[Records excerpted from a collection]
■ ■ ■

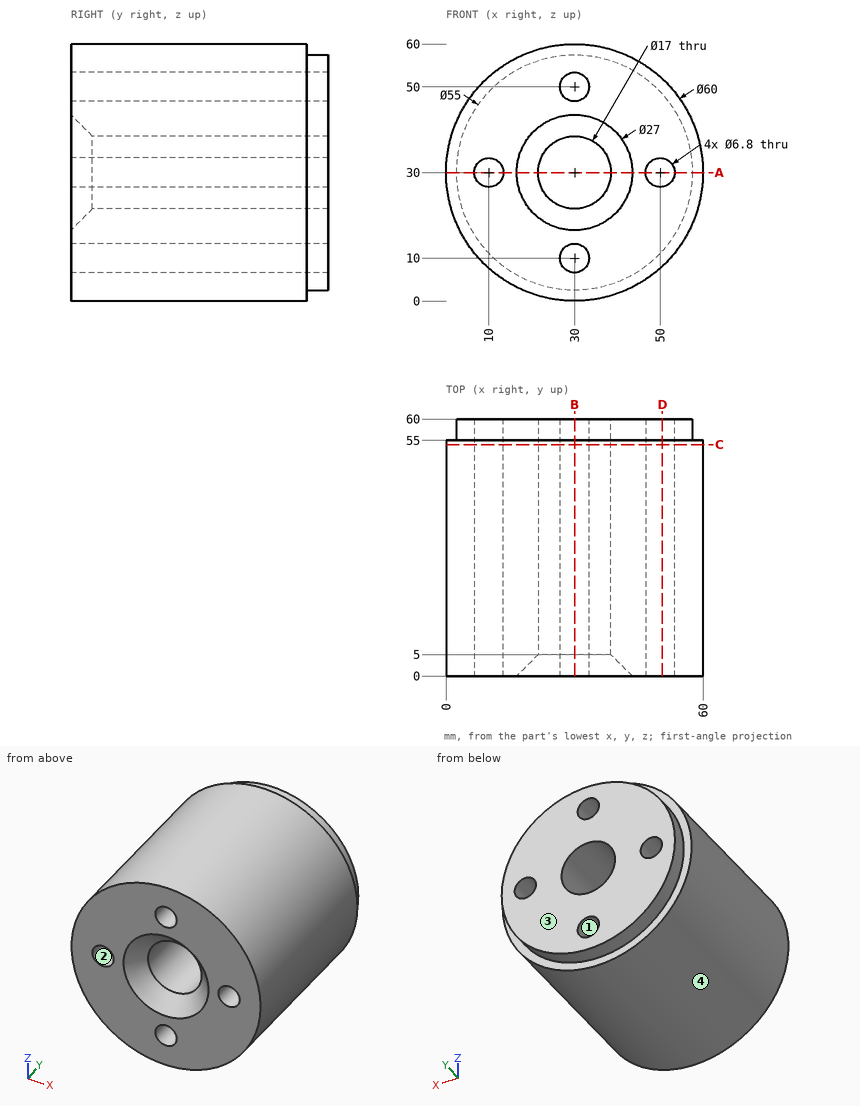
Design review of the part shown in the three views and the two pictorial views. Dimensions are in mm from the part's minimum x, y and z. Round coordinates to 2 decimals unless told otherwise and drop trailing zeros. Write each loop counter-clockwise with the first axis right and the second up, starting at its lowest first coordinate (ties: lowest second). Pieces come first, ordered by that corner, then holes.
Item 1: Consider section C-C on y = 54. Give the boundary of the cut face in (x, z), and give its area (3 significant figures).
Item 2: Consider section D-D on x = 50.5. Give the boundary of the cut face in (y, z).
Item 3: Consider section B-B on x = 30. Give the boundary of the cut face in (y, z), and give its area (3 significant figures).
Item 4: Consider section A-A on z = 30. Give the boundary of the cut face in (x, y), and give its area (3 significant figures).
Item 5: For pin 1 Ø9 at (x, z) = (50, 30) entering from +Y; pin 2 Ø1 at (x, y) = (42, 20) entering from -Z; pin 3 Ø8 at (y, z) = (34, 47.5) entering from +X; pin 4 Ø5 at (y, z) = (37, 8) entering from +X, all flat-tipped, find the tip position at first contact; note any pin that passes through.
Item 6: Wall thickness on L1, parallel to Z at x = 30, y = 30.5; L2, parallel to Z at x = 33, y = 8: over which ranges is each line inside the solid? List them lowest first.
Item 7: Draft analysis for pull direction X (two halves, no side actions). For the marked faces 1, 2, 3 and 4, state which applies: released by +X, released by -X, zero draft, split by the parting line, or undercut.
Check values:
1. outline: circle Ø60 at (30, 30); hole circle Ø6.8 at (10, 30); hole circle Ø17 at (30, 30); hole circle Ø6.8 at (30, 10); hole circle Ø6.8 at (30, 50); hole circle Ø6.8 at (50, 30)
1. area: 2,460 mm2
2. outline: (0, 8.1) - (55, 8.1) - (55, 11.67) - (60, 11.67) - (60, 26.64) - (0, 26.64) - close; (0, 33.36) - (60, 33.36) - (60, 48.33) - (55, 48.33) - (55, 51.9) - (0, 51.9) - close
3. outline: (0, 0) - (55, 0) - (55, 2.5) - (60, 2.5) - (60, 6.6) - (0, 6.6) - close; (0, 13.4) - (60, 13.4) - (60, 21.5) - (5, 21.5) - (0, 16.5) - close; (0, 43.5) - (5, 38.5) - (60, 38.5) - (60, 46.6) - (0, 46.6) - close; (0, 53.4) - (60, 53.4) - (60, 57.5) - (55, 57.5) - (55, 60) - (0, 60) - close
3. area: 1,710 mm2
4. outline: (0, 0) - (6.6, 0) - (6.6, 60) - (2.5, 60) - (2.5, 55) - (0, 55) - close; (13.4, 0) - (16.5, 0) - (21.5, 5) - (21.5, 60) - (13.4, 60) - close; (38.5, 5) - (43.5, 0) - (46.6, 0) - (46.6, 60) - (38.5, 60) - close; (53.4, 0) - (60, 0) - (60, 55) - (57.5, 55) - (57.5, 60) - (53.4, 60) - close
4. area: 1,710 mm2
5. pin 1: stops at y = 60
5. pin 2: stops at z = 2.29
5. pin 3: stops at x = 56.79
5. pin 4: stops at x = 52.8
6. L1: z = 0 to 6.6, 13.4 to 21.5, 38.5 to 46.6, 53.4 to 60
6. L2: z = 0.15 to 8.4, 11.6 to 22.05, 37.95 to 48.4, 51.6 to 59.85
7. face 1: undercut
7. face 2: undercut
7. face 3: zero draft
7. face 4: split by the parting line
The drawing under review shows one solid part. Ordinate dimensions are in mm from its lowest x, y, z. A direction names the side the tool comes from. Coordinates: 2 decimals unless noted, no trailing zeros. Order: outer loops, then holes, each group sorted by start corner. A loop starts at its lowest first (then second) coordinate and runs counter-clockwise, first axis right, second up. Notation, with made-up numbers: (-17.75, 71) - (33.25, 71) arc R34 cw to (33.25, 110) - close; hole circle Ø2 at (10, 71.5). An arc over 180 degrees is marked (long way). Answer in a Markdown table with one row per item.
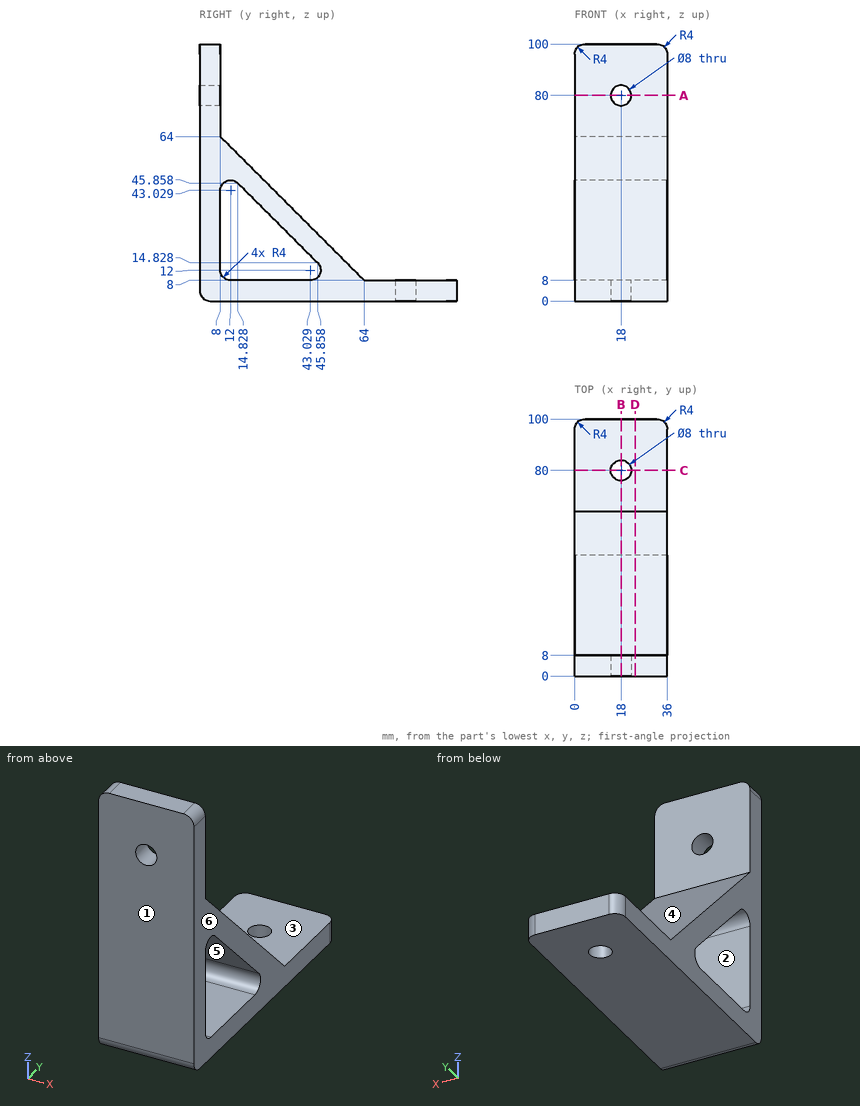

■ ■ ■

Of all the entries above, repeat only the lines from the line that has "Item 1: Consider" to the line that has "Item 4: Consider", both lines included, exactly.

- Task output -
Item 1: Consider section C-C on y = 54. Give the boundary of the cut face in (x, z), and give its area (3 significant figures).
Item 2: Consider section D-D on x = 50.5. Give the boundary of the cut face in (y, z).
Item 3: Consider section B-B on x = 30. Give the boundary of the cut face in (y, z), and give its area (3 significant figures).
Item 4: Consider section A-A on z = 30. Give the boundary of the cut face in (x, y), and give its area (3 significant figures).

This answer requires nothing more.